MÉXICO, 30 DE MARZO DEL 2026
El presidente estadounidense Donald Trump volvió a generar controversia internacional tras declarar que Cuba podría ser el siguiente foco de atención geopolítica una vez que finalice el conflicto en Medio Oriente.

Durante un discurso reciente, Trump aseguró que la isla caribeña se encuentra en el radar estratégico de Estados Unidos, lo que desató una ola de reacciones tanto en América Latina como en el ámbito internacional.
Las declaraciones surgen en un contexto de tensiones globales marcadas por conflictos activos en Medio Oriente, donde la política exterior estadounidense mantiene un papel determinante. Para analistas, este tipo de afirmaciones elevan la incertidumbre en la región.
El señalamiento hacia Cuba reabre el debate sobre la relación histórica entre ambos países, caracterizada por décadas de tensiones diplomáticas, sanciones económicas y episodios de confrontación ideológica.

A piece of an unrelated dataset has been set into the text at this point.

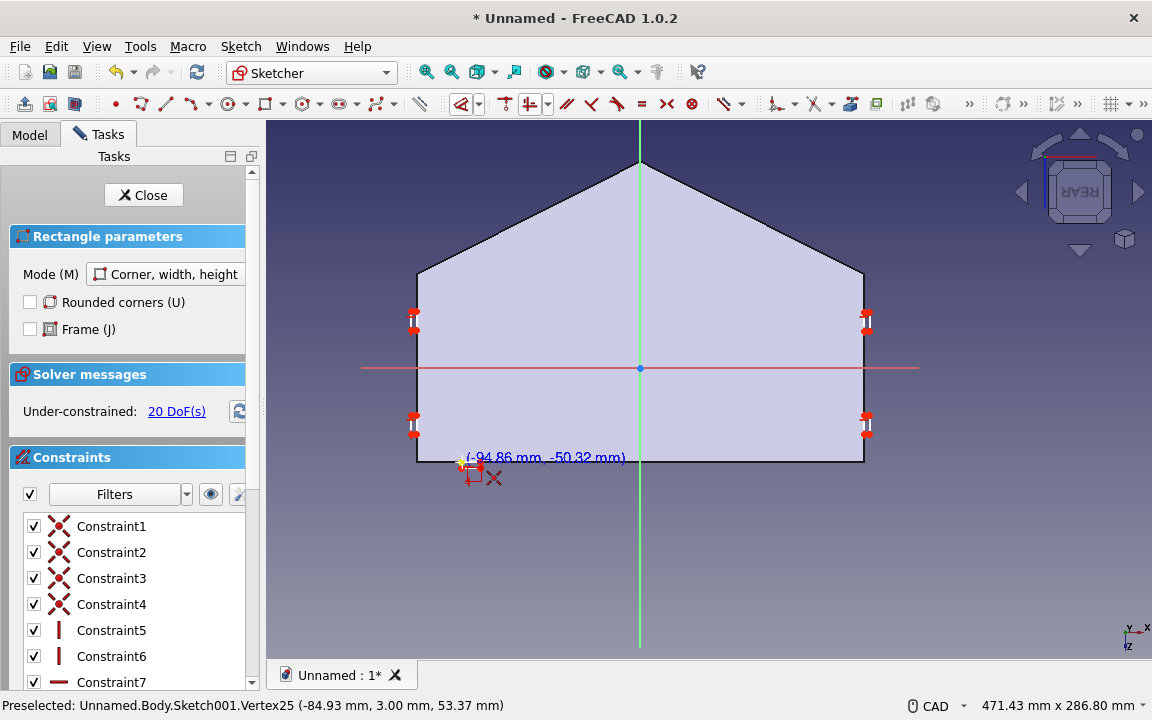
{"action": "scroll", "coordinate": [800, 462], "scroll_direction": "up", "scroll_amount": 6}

Aunque las declaraciones no implican acciones inmediatas, sí podrían influir en la agenda política y mediática, generando presión sobre futuros movimientos diplomáticos.
Por su parte, sectores políticos en América Latina han manifestado preocupación ante la posibilidad de un incremento en la inestabilidad regional, especialmente en un escenario global ya marcado por conflictos simultáneos.